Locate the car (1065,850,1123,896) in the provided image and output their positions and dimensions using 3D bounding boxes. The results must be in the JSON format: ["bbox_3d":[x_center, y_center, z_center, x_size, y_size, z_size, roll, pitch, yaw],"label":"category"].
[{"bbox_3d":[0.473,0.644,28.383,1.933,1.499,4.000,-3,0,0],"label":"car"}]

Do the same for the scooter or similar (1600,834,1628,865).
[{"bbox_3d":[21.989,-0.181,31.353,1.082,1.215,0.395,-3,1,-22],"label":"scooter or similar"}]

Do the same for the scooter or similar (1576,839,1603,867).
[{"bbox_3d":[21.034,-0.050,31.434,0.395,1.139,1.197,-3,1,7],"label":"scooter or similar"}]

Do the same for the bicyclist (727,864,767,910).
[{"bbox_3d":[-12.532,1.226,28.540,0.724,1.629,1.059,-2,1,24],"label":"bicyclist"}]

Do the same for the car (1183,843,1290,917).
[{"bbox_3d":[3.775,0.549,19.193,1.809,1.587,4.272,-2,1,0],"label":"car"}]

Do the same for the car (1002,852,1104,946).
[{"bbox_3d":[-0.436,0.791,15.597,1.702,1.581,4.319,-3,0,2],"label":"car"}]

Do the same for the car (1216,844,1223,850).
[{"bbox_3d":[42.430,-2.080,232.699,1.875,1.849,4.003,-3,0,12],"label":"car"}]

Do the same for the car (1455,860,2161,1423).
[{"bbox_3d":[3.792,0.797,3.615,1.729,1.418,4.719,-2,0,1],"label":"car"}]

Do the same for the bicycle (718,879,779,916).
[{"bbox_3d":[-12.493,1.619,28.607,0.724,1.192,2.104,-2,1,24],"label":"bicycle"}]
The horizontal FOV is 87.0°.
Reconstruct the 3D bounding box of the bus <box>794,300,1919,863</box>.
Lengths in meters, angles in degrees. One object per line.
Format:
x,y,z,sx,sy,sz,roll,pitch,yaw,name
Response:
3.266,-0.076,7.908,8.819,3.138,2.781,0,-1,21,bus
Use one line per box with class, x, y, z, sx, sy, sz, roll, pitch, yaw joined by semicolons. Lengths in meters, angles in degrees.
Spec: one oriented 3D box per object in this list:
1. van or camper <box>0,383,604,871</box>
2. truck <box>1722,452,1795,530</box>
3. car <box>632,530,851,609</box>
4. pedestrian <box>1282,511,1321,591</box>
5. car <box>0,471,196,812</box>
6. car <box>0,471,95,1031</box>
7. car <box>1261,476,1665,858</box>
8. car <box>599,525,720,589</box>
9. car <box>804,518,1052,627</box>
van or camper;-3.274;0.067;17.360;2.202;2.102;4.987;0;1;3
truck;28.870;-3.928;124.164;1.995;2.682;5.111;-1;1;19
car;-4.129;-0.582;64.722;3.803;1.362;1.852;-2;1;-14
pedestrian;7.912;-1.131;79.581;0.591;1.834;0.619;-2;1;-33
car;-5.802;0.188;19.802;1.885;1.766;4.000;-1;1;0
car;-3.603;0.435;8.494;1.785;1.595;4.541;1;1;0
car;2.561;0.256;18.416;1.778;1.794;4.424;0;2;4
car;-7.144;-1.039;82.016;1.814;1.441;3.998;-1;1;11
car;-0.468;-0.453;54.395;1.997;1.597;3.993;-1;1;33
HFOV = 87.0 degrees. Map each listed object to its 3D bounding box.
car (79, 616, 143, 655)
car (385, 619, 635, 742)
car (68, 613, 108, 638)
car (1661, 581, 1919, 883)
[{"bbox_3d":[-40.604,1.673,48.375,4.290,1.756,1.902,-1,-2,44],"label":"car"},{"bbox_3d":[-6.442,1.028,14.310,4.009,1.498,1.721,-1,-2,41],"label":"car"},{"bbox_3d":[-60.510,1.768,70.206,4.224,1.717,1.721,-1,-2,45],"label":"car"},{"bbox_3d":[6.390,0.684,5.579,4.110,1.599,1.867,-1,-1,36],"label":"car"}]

——

▸ Instructions for the task: Transcribe, exactly and without additions, the lines of the records above, beginning with the line that contains "Spec: one oriented" and ending with the line that contains "8. car <box>599,525,720,589</box>", both included.

▸ Exercise solution:
Spec: one oriented 3D box per object in this list:
1. van or camper <box>0,383,604,871</box>
2. truck <box>1722,452,1795,530</box>
3. car <box>632,530,851,609</box>
4. pedestrian <box>1282,511,1321,591</box>
5. car <box>0,471,196,812</box>
6. car <box>0,471,95,1031</box>
7. car <box>1261,476,1665,858</box>
8. car <box>599,525,720,589</box>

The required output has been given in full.